**Provided material:**
____
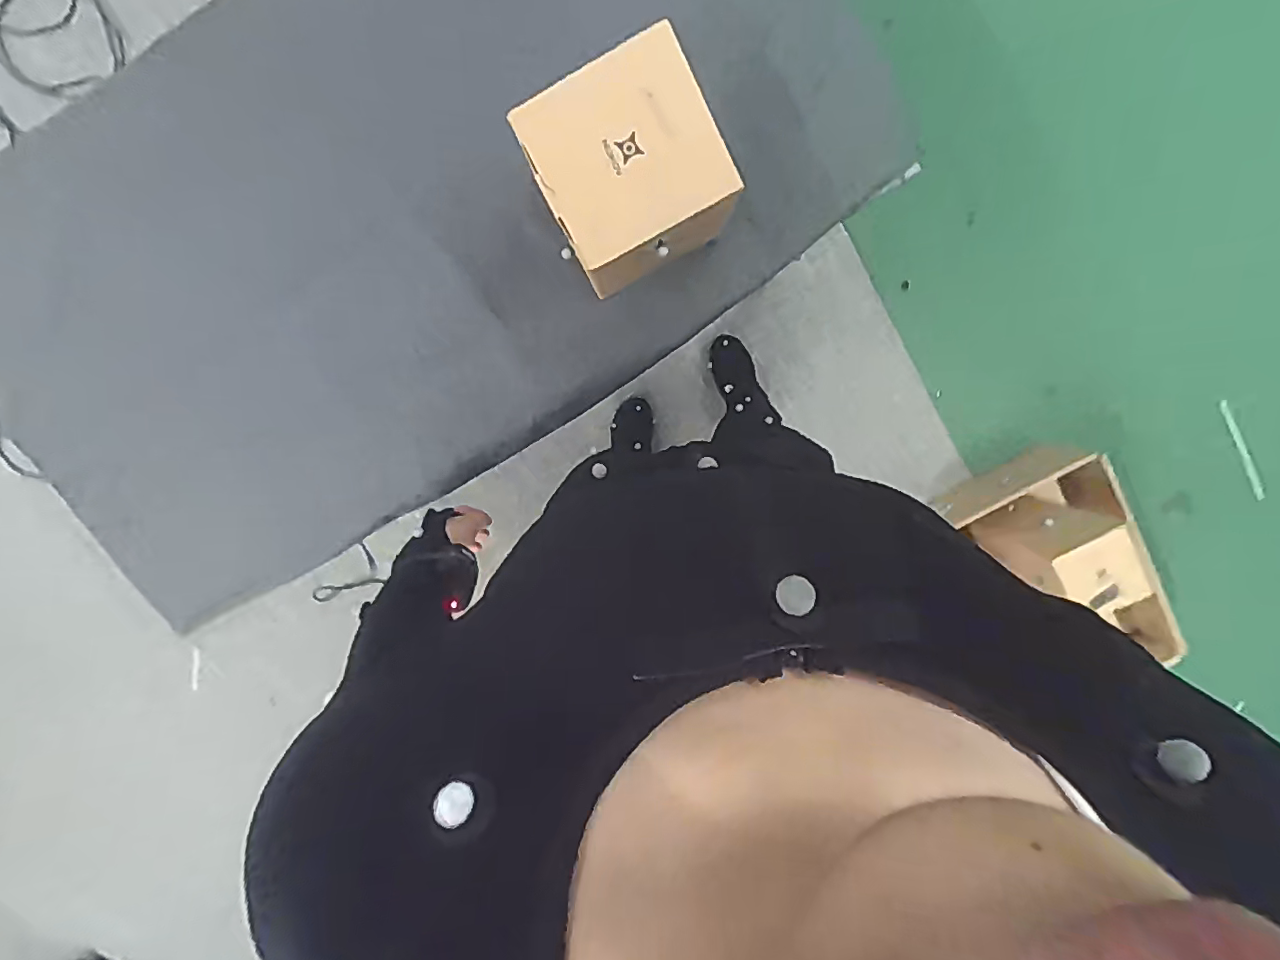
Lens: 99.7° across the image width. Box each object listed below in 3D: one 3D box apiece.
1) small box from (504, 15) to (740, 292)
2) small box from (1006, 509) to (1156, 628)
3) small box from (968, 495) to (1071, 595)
____
**To do:** Note each line above that contains "small" and copy it out.

**Written solution:**
1) small box from (504, 15) to (740, 292)
2) small box from (1006, 509) to (1156, 628)
3) small box from (968, 495) to (1071, 595)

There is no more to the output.